I want them to try to show compassion for a fellow creature, not use him to prove a fundamentally flawed hypothesis with no regard for the impact on his psyche and his life. They used him, they had their fun when he was young and cute, and they seem to have zero thought or remorse for how his life turned out, or the fact that it ended very prematurely.
Does it even occur to you that a chimp has no inherent need to learn ASL? Does it occur to you that that chimp was not put on this planet to serve the needs of humans?
To Serve Man.
Thanks Kate. Well said. We're on the same page when it comes to the animals. After all, they were here first.
My dogs have a consciousnes of self and of others. They all empathized when one of my "pack" hurt his back a few months ago.
I remember being told in 5th grade, (according to the science of the day) dogs can't think, they only respond by instinct. Every kid in the class protested. They were right.
Once again the hubris of science, which is just as bad as religion in putting humans at the forefront of all species, is trotted out to leave a bad taste in all of our mouths.
Nim could, the failure of the scientist's approach could not.
Next time, RTFA:
"Chimps have also shown a deep capacity for empathy. When one family of chimps experiences a death, "other chimpanzees come over and comfort them," de Waal said."

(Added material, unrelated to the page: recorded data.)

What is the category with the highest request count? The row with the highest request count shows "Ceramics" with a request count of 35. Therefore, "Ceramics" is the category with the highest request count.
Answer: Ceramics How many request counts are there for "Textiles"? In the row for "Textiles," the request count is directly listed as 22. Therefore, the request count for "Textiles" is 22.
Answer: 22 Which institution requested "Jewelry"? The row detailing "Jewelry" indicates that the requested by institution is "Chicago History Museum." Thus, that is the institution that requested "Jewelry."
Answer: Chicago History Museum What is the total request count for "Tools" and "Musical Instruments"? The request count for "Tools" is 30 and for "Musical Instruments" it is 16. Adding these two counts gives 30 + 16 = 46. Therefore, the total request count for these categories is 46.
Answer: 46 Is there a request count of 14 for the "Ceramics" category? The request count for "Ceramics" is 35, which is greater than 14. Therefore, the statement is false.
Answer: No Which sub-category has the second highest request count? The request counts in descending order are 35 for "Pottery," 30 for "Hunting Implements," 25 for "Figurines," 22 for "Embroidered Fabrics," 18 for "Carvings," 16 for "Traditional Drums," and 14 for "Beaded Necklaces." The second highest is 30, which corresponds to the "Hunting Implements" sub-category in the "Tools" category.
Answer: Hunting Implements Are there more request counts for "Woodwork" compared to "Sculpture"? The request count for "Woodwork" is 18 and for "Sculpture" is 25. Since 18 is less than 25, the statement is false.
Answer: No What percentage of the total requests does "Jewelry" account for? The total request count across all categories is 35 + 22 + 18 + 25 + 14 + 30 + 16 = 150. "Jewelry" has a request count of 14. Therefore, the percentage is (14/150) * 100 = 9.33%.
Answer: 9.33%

There is a difference between empathy and cognition.
How can a being have empathy without cognition? You can't empathize with a situation you can't comprehend.

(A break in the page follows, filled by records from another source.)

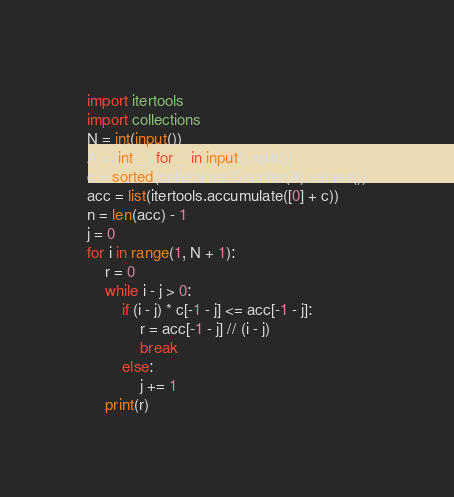Convert code to text. <code><loc_0><loc_0><loc_500><loc_500><_Python_>import itertools
import collections
N = int(input())
A = [int(_) for _ in input().split()]
c = sorted(collections.Counter(A).values())
acc = list(itertools.accumulate([0] + c))
n = len(acc) - 1
j = 0
for i in range(1, N + 1):
    r = 0
    while i - j > 0:
        if (i - j) * c[-1 - j] <= acc[-1 - j]:
            r = acc[-1 - j] // (i - j)
            break
        else:
            j += 1
    print(r)
</code> 
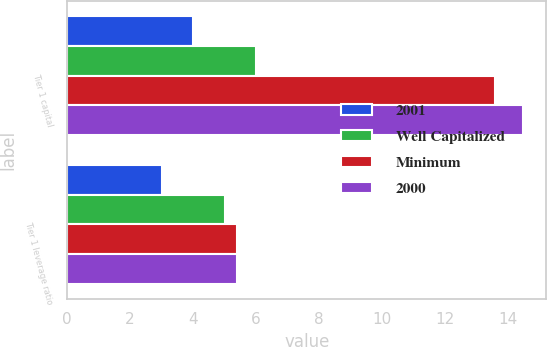<chart> <loc_0><loc_0><loc_500><loc_500><stacked_bar_chart><ecel><fcel>Tier 1 capital<fcel>Tier 1 leverage ratio<nl><fcel>2001<fcel>4<fcel>3<nl><fcel>Well Capitalized<fcel>6<fcel>5<nl><fcel>Minimum<fcel>13.6<fcel>5.4<nl><fcel>2000<fcel>14.5<fcel>5.4<nl></chart> 
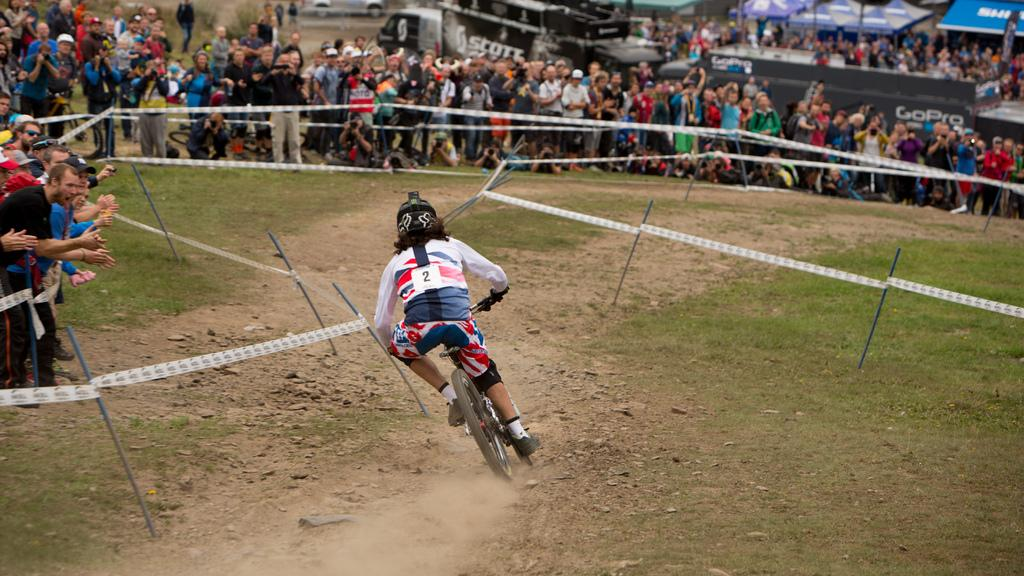<image>
Offer a succinct explanation of the picture presented. A bicyclist with no 2 on the back is riding through the winding track.

That's how I can empathize with your inability to grasp the relationship between the two, busy as you are attacking others' thoughtful comments with childish, tweety abbreviations (RTFA, really?) instead of using the cognition God gave you, and this poor dead chimpanzee.
Not necessarily commenting on this article, but it is hard to RTFA when the articles change. I've noticed many times people post, then the article changes, and new posts blast them for "not reading". However, information was deleted, added or changed.
Just a comment.
I've noticed that too. It's actually quite common.
Yes, Please speak English. RTFA means nothing to me.
Secondly the comment was specifically on the thread about Nim the chimp. Not my fault if they changed subjects and not much cognition going on if their threads are that glitchy.
Third, only one species enages in snottiness and it's not dogs or chimps, who possess both empathy and cognition. It's the two legged egocentric pack animals known as humans who do that.